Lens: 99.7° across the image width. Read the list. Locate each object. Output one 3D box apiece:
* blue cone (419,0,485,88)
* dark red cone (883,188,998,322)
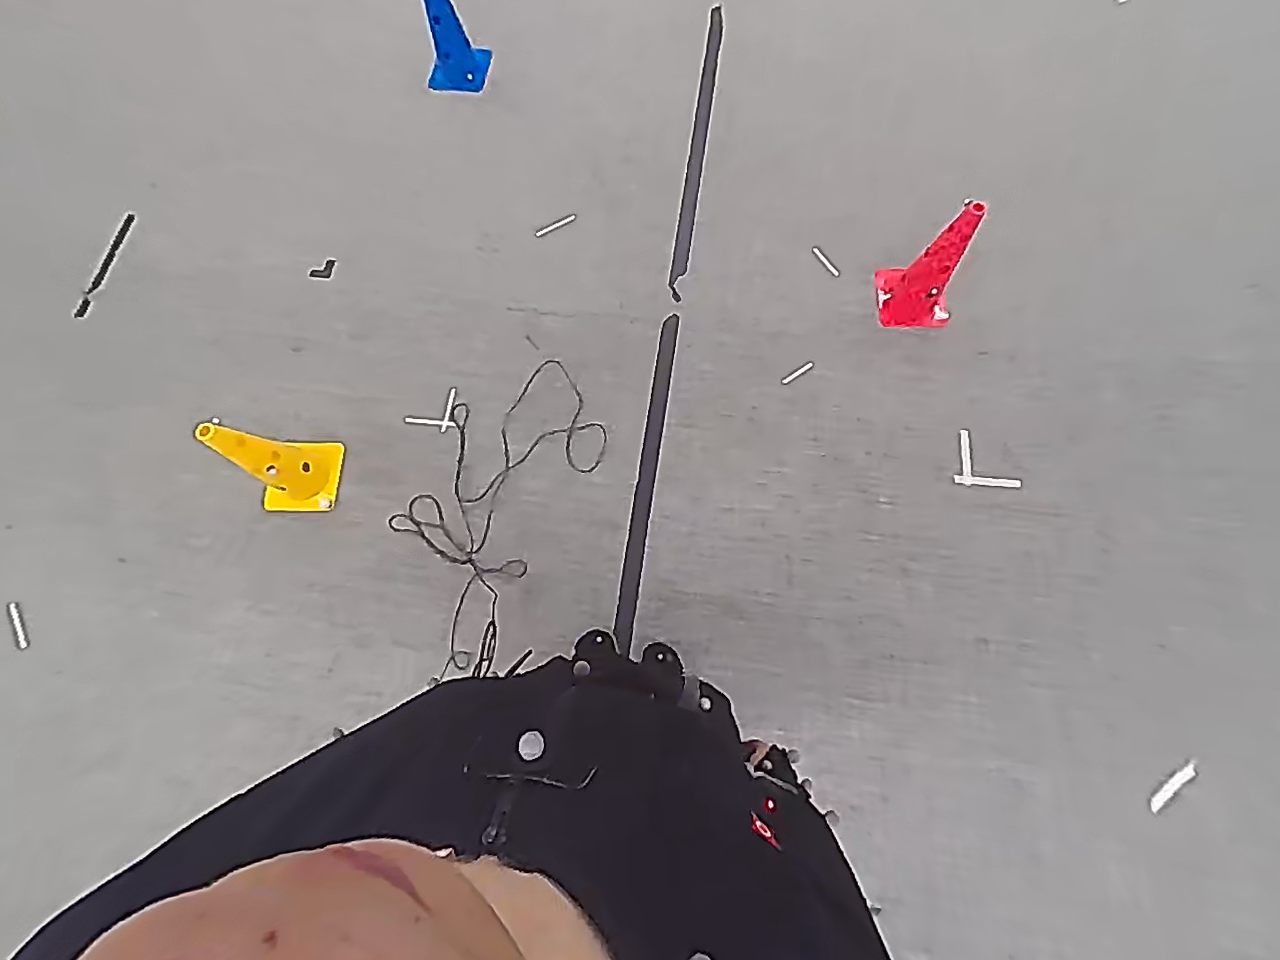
[{"bbox_3d":[-0.660,-1.509,1.759,0.192,0.380,0.193,8,74,5],"label":"blue cone"},{"bbox_3d":[0.805,-0.596,1.410,0.201,0.394,0.202,0,74,3],"label":"dark red cone"}]
_ _ _ _ _ _ _
**Assigned task:**
Give back, exactly and with nothing added, the lines from the line with "blue cone (419,0,485,88)" through the final line of the data, both included; leave pictures out.

**Response area:**
* blue cone (419,0,485,88)
* dark red cone (883,188,998,322)
[{"bbox_3d":[-0.660,-1.509,1.759,0.192,0.380,0.193,8,74,5],"label":"blue cone"},{"bbox_3d":[0.805,-0.596,1.410,0.201,0.394,0.202,0,74,3],"label":"dark red cone"}]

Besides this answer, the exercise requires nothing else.